Pas de problème, on va reprendre les choses dans l’ordre.

 

Quelques cas pratiques

Ancien logo Hotmail

Un des premiers et des plus célèbres growth hack vient d’Hotmail. Avant de devenir le site utilisé par des millions d’utilisateurs que l’on connait, Hotmail était un des premiers webmail (lancé en juillet 1996 par Sabeer Bhatia et Jack Smith) avec une faible croissance. Au bout de quelques semaines, les fondateurs se rendent compte que 80% des inscriptions proviennent de recommandations. C’est là que Tim Draper, un des investisseurs, eut l’idée de mettre une phrase à la suite de chaque email :

P.S. I love you. Get your free email at Hotmail

Résultat : la croissance décolle. Au bout de six mois, Hotmail atteint un million d’utilisateurs. En 18 mois, la start-up a 12 millions d’utilisateurs (sur les 70 millions internautes de l’époque) et est vendue à Microsoft pour 400 millions de dollars.

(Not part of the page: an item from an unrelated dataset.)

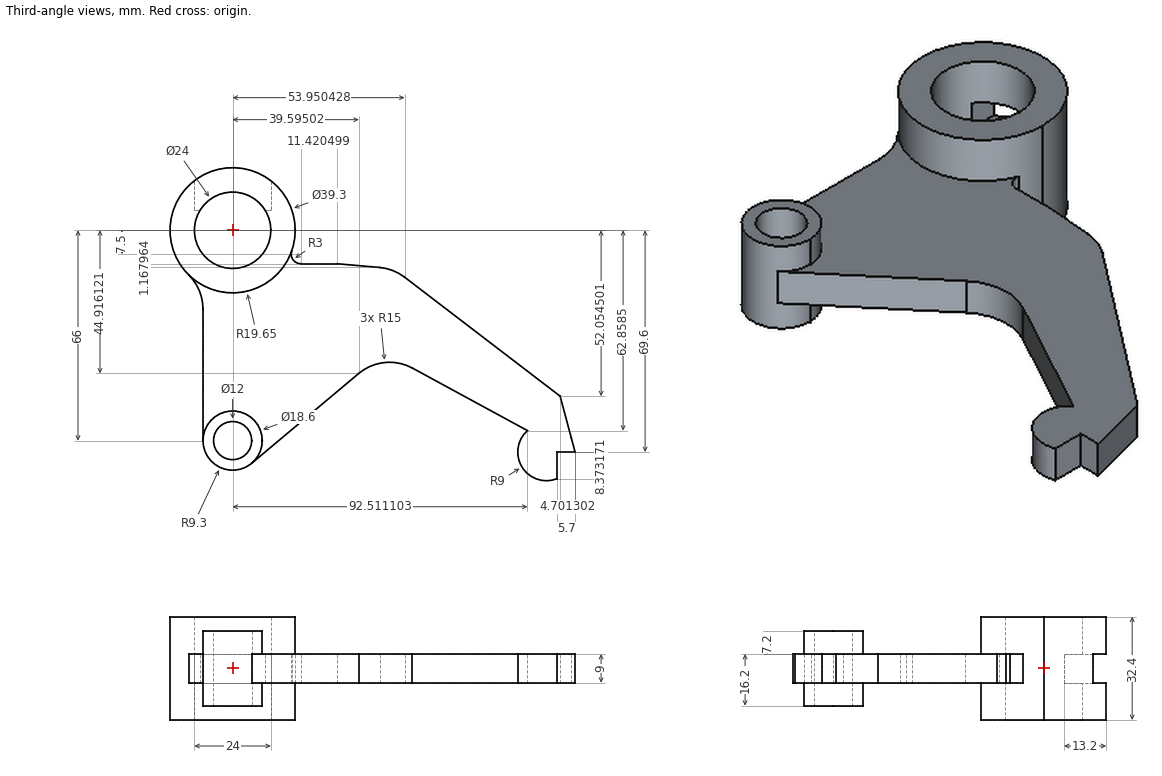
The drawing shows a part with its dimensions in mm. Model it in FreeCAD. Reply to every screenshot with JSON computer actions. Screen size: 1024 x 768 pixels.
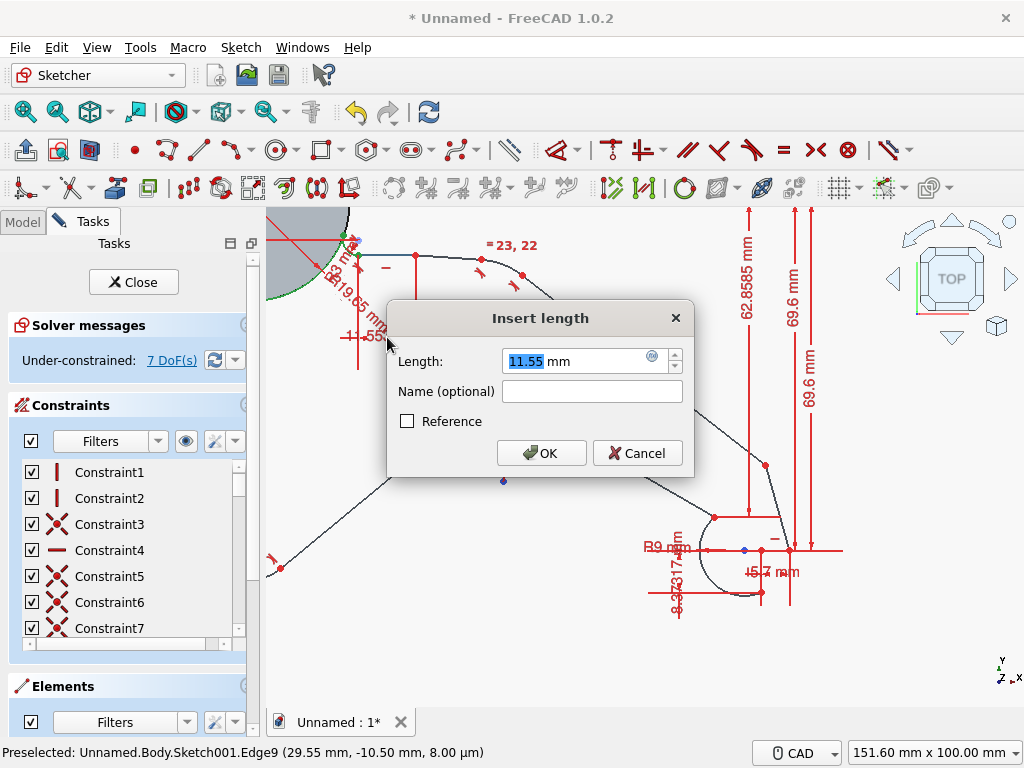
{"action": "type", "text": "11.420499"}
{"action": "key", "text": "Return"}
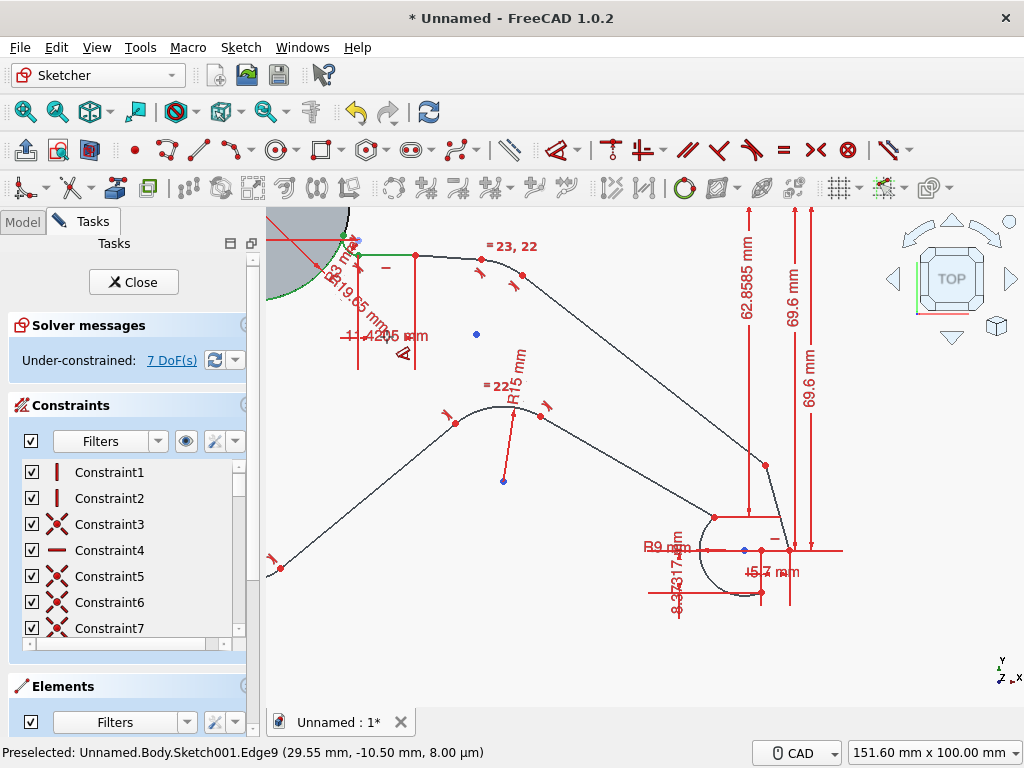
{"action": "left_click", "coordinate": [456, 424]}
{"action": "left_click", "coordinate": [375, 458]}

Un autre exemple que je trouve assez significatif est plus récent. Il s’agit de la croissance d’Airbnb, une startup proposant une plateforme de location de logements. Il faut savoir qu’aux Etats-Unis, lorsqu’on a une annonce à poster sur internet, on pense la plupart du temps à Craiglist, un site recueillant quotidiennement un trafic colossal. L’idée d’Airbnb ? Poster automatiquement chacune des annonces de leur plateforme sur Craigslist (contournant au passage toutes les sécurités du site), et attirer ainsi un trafic énorme.

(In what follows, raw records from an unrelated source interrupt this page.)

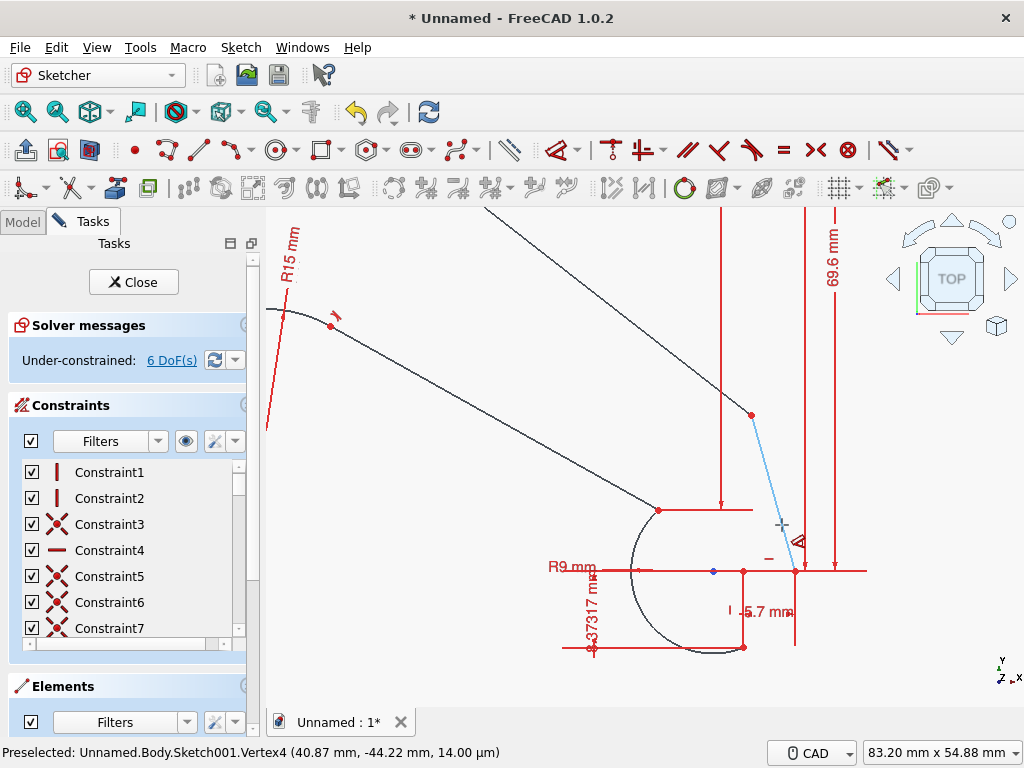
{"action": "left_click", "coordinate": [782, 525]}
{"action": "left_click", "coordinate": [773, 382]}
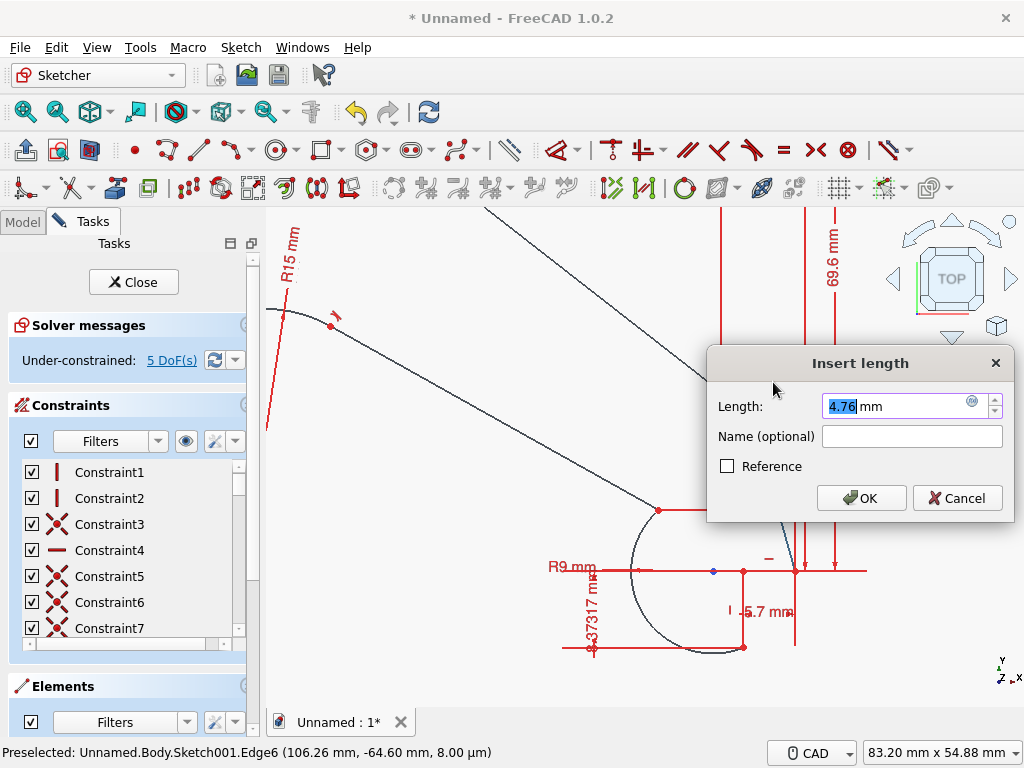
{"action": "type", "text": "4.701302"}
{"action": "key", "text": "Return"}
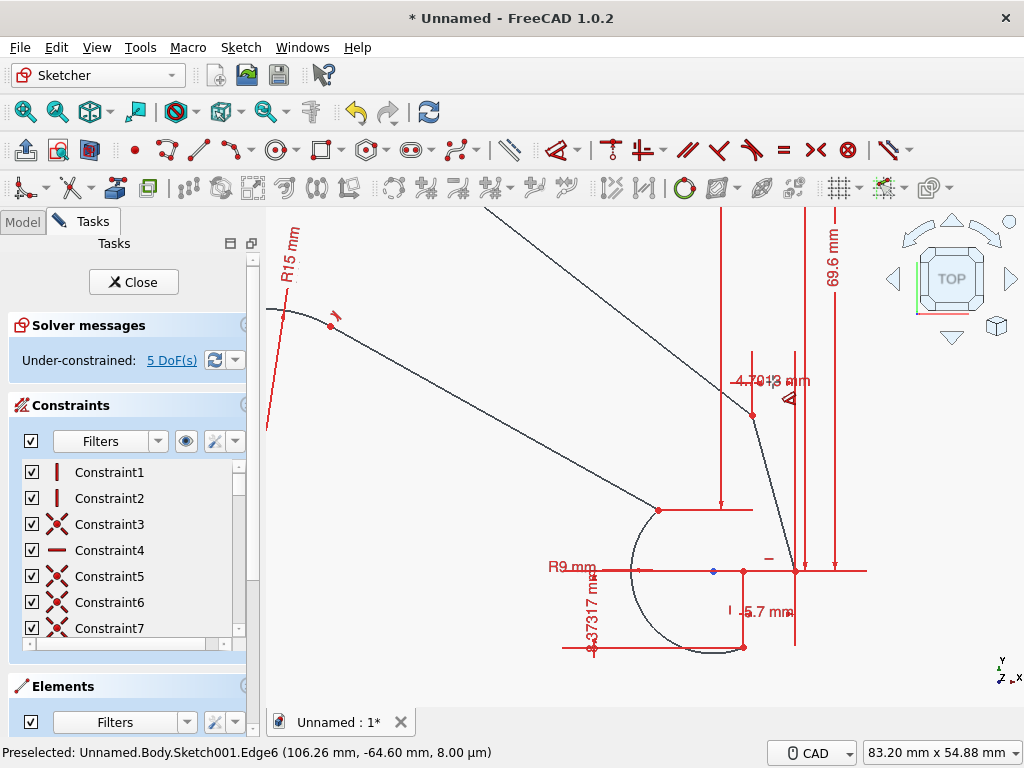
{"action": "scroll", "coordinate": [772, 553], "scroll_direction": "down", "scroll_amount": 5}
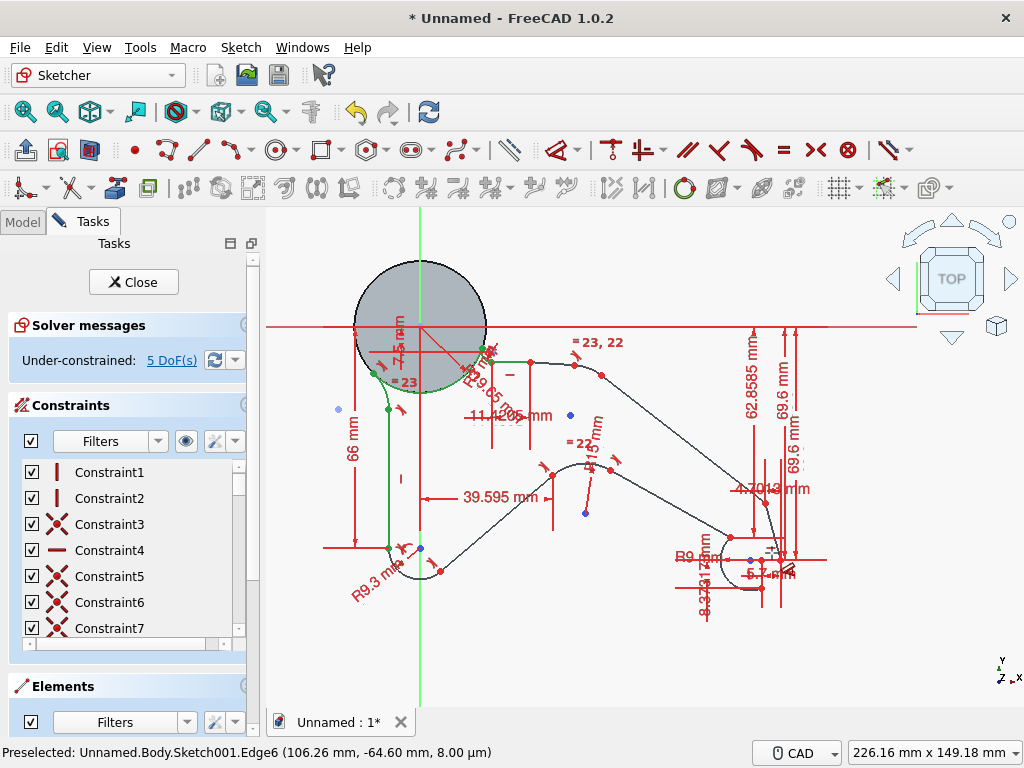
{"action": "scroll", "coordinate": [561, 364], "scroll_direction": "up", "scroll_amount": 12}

On trouve de bon exemples dans toutes les startup web qui ont connu une très forte croissance : Facebook, Twitter, Dropbox, Groupon, Instagram, Pinterest…

 

Growth hacking : définition

Le growth hacking n’est pas une nouvelle discipline, mais plutôt une nouvelle façon de voir la croissance des entreprises web. Le propre du growth hacking est de faire intervenir tous les métiers du web ensemble pour maximiser la croissance. Elle s’oppose à une vision traditionnelle ou travaillent séparément le marketing chargé de générer du trafic et les développeurs opérant sur le site, suivant des objectifs différents.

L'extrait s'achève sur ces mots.